12/09/2020

VinteVinte - 49 (integral)




49.

 

FAZER (P)ARTE

 

Coimbra, domingo, 10 de Maio de 2020

 


    I 

    Foi encontrada morta a menina que há uns poucos dias desaparecera durante a noite da casa de seu pai & madrasta. Tinha nove anos e chamava-se Valentina. Atouguia da Baleia, Peniche. Acaba de ser detectada a poucos quilómetros, noutra freguesia, lá para a Serra d’El-Rei. As buscas tinham dado nada até agora. 
    É um festim necrofágico-televisivo. Dois detidos de momento. Os detidos de momento são o pai de Valentina & a segunda mulher dele. A mãe natural vive no Bombarral. O primeiro sinal do desaparecimento fôra dado na manhã de quinta-feira, 7 do corrente. O resto é o costume: pais naturais separados, guarda-partilhada. Cordeiro pós-pascal. 

    II 

    Valentina asfixiada, levada para eucaliptal a cinco km., escondida à pressa sob vegetação rasteira. Pai & madrasta engaiolados, preventivamente por ora. Intervalo macabro no frenesi noticioso do COVID-19. Judiciária em directo adianta detalhes frios. The show must go on, claro – excepto para a defunta infanta, claro. 

    III 

    Da janela, abertos os longes – não o sentido deles. É-se próximo pela atenção lúcida. Sempre se estreia algo, algo se volatiliza, ganha asas, transparente voa para-até-desde nunca-mais. 

    (IV) 

    (Glória à respiração em luz plena, enquanto.) 

    [V] 

    [Obsidiana. Ametista. Celestina. Pirite. Condrito (meteorito). Minérios são. Fazem parte de um diálogo entre personagens de uma história filmada cujo título não recordo. Esperai: “Clara”, acho que é “Clara” o nome da película (e da personagem que mostra a sua colecção portátil de calhauzinhos exóticos ao outro protagonista do enredo). Gosto das palavras que ela diz.
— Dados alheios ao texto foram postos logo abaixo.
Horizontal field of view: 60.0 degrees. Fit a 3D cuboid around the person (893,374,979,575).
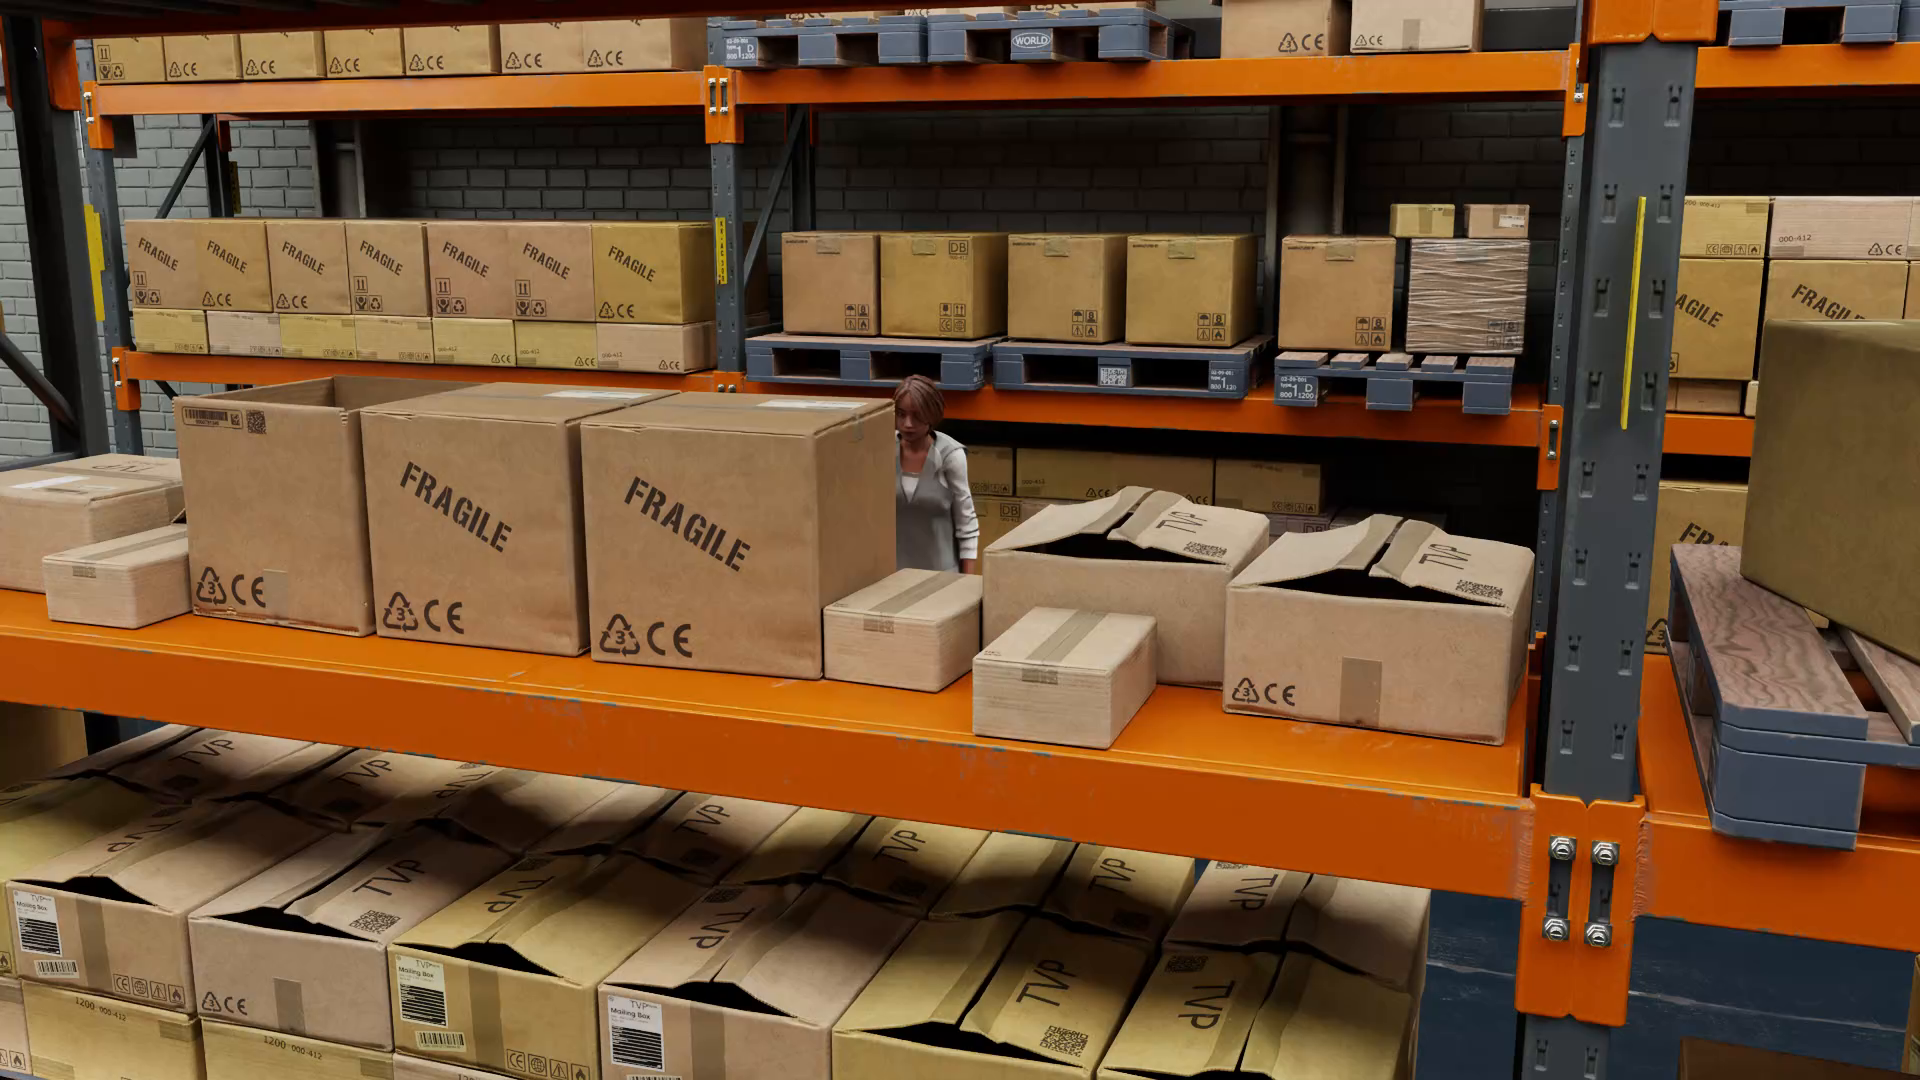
[{"bbox_3d":[-0.167,0.175,6.171,0.477,1.592,0.345,3,13,15],"label":"person"}]

Anoto-as porque sim, é razão q.b.] 

    VI 

    Rol palavroso alinhavado tendo por fonte a máquina-de-fantasmas: 

    Consternação / Preocupação / Fragilidade / Ligação 
    Descoberta / Especialidade / Moderação / Trabalho 
    Verão / Autoridades / Transportes / Directivas 
    Futebol / Vacina / Retoma / Lições 
    Adiamento / Linhas-Vermelhas / Saúde / República 
    Estrutura / Guimarães / Conta / Parecer 
    Protocolo / Conduta / Maio / Rocha 
    Teste / Solicitação / Humorismo / Estudo 
    Persistência / Tipos / Regresso / Afastamento 
    Alimentação / Campanha / Taxas / Avaliação 

    As possibilidades combinatórias garantem riqueza expressiva. Os elementos abundam infinitamente – como na Natureza de que, aliás, fazem parte constante. Muitas vezes são festa. Tristeza também, outras. Tudo faz (p)arte. 

    VII 

    Madame la Nuit est en train d’arriver
    novidade não traz peculiar a si colada, 
    aguardo-a cá fora, que lá dentro me guarda. 

    VIII 

    Recordo: 

    Vozes sem corpo visível ressumbrando nos pátios vizinhos anoitecidos como, d’então, o meu. 
    Onde agora essas já-não-vozes? 
    Que farei deste silêncio agora estrangeiro? 

    IX 

    Essa pessoa que chega a casa, vejo-a daqui. Reordena o tempo de seus objectos. Ninguém a espera, nem ela por alguém é pessoa para se pôr esperando. Hora & meia depois, sai, leva dois sacos plásticos carregados de desperdícios, excessos, matéria cujo sentido, se alguma vez o houve, ora perdeu. Aloja-os no contentor. Acende um cigarro. Senta-se nos degraus fronteiros do prédio, fuma em silêncio como acontece à árvore quando espera que vente. Há muito se recolheram as aves. Cordão luzeiro traça sobre o veludo da noite a jóia-de-imitação de cada bairro. Santa Clara? Celas? Tovim? São Martinho do Bispo? Cidreira? Canadá? Vejo-a daqui reentrando em si feita casa. Falará ela durante o sono? Contará com maravilhas amanhã? Já se deita, do próprio nome se perde já.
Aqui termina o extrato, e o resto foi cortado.